Hassan Bey Shukri (; 1876–1940) was the mayor of Haifa and the president of the Muslim National Associations.

Biography
Hassan Shukri was born in Jerusalem and moved to Haifa as a child. The Turks appointed him mayor of the city in 1914.
 
In July 1921, Shukri sent a telegram to the British government, declaring support for the Balfour Declaration and Zionist immigration to British Mandate Palestine:
We strongly protest against the attitude of the said delegation concerning the Zionist question. We do not consider the Jewish people as an enemy whose wish is to crush us. On the contrary. We consider the Jews as a brotherly people sharing our joys and troubles and helping us in the construction of our common country. We are certain that without Jewish immigration and financial assistance there will be no future development of our country as may be judged from the fact that the towns inhabited in part by Jews such as Jerusalem, Jaffa, Haifa, and Tiberias are making steady progress while Nablus, Acre, and Nazareth where no Jews reside are steadily declining.

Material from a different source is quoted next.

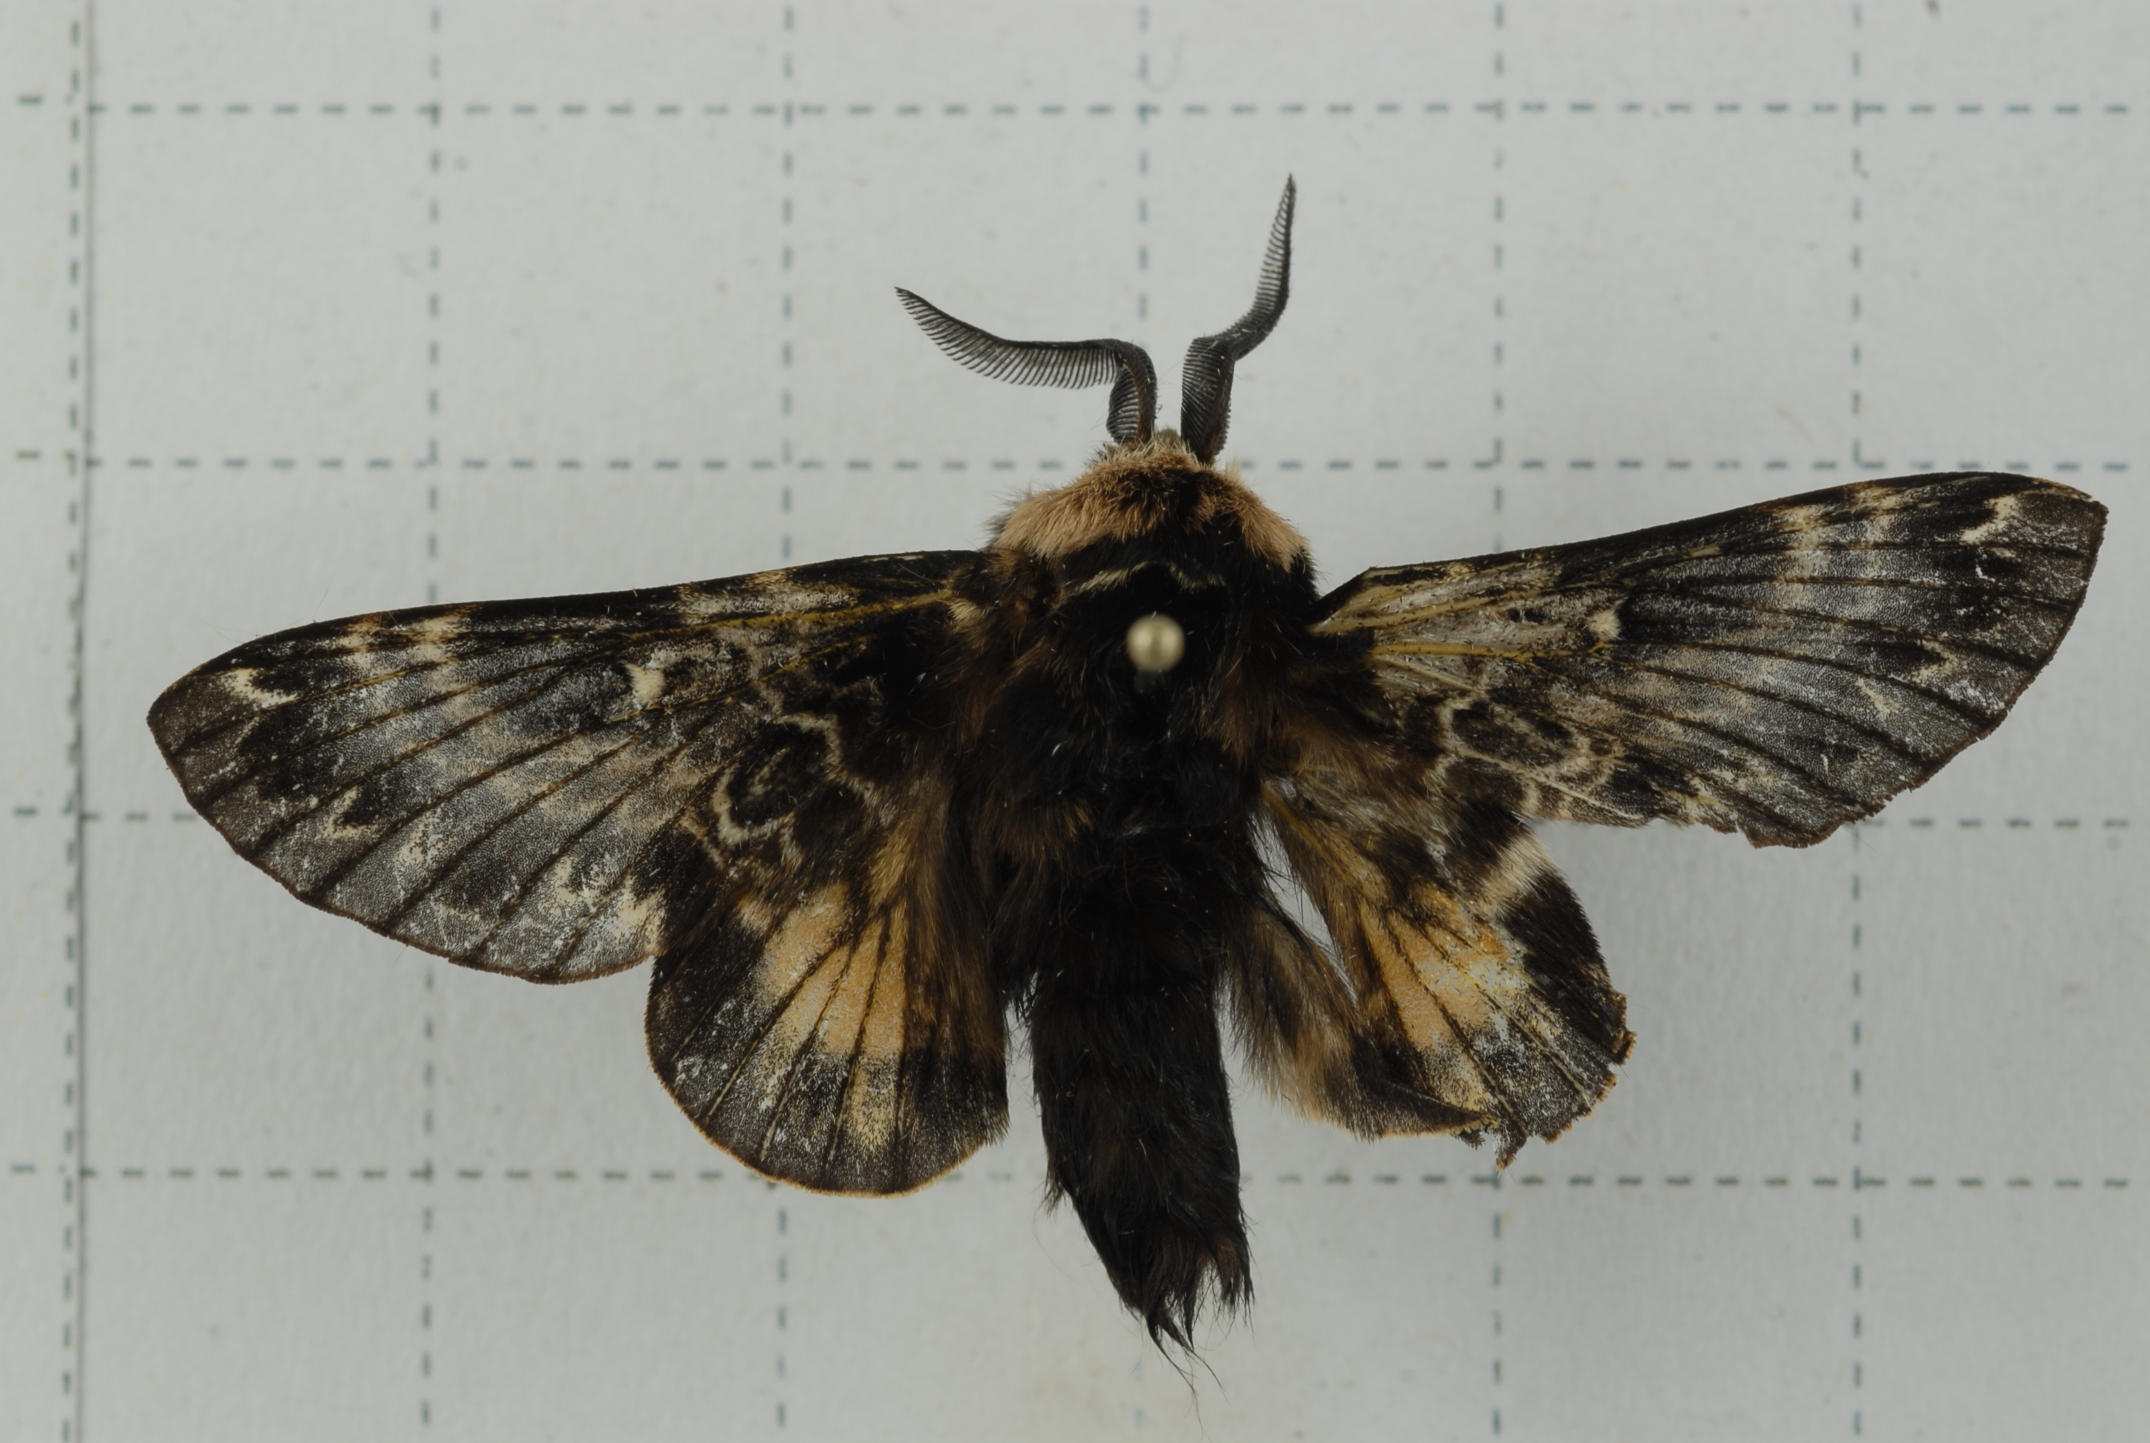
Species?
Pyrosis ni

In 1927, Shukri added Hebrew to municipal documents, which were formerly in Arabic. In 1933, he opened up city tenders to Jewish contractors.

In 1936, explosives were planted at his home. He escaped without injury, but several months later an Arab fired four shots at Shukri as he entered Haifa City Hall. While the assassination attempt failed, Shukri was shaken and fled to Beirut. When Shukri died on January 29, 1940, many of Haifa’s Jewish leaders attended his funeral.